What to work on: Look below for the line containing "- bicyclist (780, 601, 802, 628)"; from there through the line containing "- car (1273, 575, 1812, 803)", both lines included, please set down each line exactly and nothing else.

Listed entries:

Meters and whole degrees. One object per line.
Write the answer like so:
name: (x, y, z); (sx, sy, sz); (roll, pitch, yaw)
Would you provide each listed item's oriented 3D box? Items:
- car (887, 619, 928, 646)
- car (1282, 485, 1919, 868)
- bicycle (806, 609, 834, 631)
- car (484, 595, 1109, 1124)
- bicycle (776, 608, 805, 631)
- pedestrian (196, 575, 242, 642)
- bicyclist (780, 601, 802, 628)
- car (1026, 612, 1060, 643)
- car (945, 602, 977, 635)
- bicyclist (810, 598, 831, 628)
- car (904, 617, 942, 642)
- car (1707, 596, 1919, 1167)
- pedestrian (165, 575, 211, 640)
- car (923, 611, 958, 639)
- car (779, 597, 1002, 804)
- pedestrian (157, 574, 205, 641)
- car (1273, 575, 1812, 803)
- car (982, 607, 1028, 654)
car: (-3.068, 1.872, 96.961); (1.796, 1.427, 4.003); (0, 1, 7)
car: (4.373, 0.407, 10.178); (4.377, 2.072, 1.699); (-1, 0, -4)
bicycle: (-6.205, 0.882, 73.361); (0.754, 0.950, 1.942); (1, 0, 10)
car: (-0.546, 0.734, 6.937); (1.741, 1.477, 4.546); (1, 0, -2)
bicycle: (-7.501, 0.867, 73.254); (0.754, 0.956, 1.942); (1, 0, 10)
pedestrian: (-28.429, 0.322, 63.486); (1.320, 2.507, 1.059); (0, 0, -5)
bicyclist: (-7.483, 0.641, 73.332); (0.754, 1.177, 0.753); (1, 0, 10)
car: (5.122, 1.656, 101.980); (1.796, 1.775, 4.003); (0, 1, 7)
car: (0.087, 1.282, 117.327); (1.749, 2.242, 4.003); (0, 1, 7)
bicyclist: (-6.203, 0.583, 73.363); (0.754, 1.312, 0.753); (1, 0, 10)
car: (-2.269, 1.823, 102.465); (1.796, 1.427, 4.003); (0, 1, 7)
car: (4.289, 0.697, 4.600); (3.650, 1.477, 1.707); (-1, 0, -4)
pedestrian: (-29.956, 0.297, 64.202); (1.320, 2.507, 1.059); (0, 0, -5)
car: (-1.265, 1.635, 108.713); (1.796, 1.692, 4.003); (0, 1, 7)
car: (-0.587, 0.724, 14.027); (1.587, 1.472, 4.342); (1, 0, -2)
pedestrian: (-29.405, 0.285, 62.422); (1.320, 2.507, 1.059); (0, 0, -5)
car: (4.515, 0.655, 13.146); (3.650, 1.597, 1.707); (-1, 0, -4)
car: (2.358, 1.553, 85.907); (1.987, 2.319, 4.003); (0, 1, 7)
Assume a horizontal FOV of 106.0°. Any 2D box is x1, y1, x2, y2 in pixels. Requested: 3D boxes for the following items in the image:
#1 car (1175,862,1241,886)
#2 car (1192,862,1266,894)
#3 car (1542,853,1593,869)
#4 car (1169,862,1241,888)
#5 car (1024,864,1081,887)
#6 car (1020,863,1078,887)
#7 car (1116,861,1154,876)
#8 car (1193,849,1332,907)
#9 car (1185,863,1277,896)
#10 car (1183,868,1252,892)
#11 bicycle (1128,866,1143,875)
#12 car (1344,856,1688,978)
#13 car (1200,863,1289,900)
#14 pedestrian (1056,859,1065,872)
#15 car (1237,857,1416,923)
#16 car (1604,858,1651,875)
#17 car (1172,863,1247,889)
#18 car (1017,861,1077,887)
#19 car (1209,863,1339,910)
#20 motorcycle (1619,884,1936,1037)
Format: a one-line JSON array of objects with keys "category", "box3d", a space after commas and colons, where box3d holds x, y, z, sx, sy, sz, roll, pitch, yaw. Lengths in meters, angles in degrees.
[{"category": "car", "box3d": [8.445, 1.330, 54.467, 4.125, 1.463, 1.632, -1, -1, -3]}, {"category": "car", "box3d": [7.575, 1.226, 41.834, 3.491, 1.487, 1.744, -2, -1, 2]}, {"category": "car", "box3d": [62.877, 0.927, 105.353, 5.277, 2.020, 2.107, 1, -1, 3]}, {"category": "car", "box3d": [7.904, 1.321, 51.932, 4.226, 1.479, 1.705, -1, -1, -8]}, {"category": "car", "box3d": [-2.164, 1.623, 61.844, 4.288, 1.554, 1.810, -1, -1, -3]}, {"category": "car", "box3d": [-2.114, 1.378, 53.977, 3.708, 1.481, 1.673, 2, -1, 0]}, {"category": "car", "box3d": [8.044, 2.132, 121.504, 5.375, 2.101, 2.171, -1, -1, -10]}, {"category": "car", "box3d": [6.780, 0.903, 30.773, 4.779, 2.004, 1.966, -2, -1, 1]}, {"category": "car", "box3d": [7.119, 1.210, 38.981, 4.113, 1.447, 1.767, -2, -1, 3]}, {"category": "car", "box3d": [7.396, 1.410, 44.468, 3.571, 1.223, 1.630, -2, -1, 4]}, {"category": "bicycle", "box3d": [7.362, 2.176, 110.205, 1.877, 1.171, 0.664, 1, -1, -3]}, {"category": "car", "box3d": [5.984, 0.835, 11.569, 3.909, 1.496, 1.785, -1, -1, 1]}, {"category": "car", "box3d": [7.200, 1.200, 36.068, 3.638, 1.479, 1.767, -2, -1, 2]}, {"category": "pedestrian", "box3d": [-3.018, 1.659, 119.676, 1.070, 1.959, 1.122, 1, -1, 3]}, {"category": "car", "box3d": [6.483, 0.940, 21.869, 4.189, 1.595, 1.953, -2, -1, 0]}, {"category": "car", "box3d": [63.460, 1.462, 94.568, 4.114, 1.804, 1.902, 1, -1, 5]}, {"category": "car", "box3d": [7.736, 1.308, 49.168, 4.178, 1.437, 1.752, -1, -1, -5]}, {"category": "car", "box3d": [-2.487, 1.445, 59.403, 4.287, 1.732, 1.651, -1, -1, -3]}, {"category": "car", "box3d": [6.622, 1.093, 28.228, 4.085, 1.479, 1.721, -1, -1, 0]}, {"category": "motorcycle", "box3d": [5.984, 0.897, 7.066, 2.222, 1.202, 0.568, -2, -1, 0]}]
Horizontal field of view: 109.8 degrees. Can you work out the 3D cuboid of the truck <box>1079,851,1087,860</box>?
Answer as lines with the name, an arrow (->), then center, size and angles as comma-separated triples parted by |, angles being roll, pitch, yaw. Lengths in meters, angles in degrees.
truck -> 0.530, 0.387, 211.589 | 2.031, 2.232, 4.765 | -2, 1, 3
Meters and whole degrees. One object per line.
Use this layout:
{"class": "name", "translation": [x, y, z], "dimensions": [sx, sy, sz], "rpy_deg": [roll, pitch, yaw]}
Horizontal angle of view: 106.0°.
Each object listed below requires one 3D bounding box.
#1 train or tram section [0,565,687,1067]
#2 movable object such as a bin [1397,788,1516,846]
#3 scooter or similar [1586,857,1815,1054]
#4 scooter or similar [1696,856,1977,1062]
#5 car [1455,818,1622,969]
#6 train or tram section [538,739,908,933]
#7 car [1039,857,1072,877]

Output of the task:
- bicyclist (780, 601, 802, 628)
- car (1026, 612, 1060, 643)
- car (945, 602, 977, 635)
- bicyclist (810, 598, 831, 628)
- car (904, 617, 942, 642)
- car (1707, 596, 1919, 1167)
- pedestrian (165, 575, 211, 640)
- car (923, 611, 958, 639)
- car (779, 597, 1002, 804)
- pedestrian (157, 574, 205, 641)
- car (1273, 575, 1812, 803)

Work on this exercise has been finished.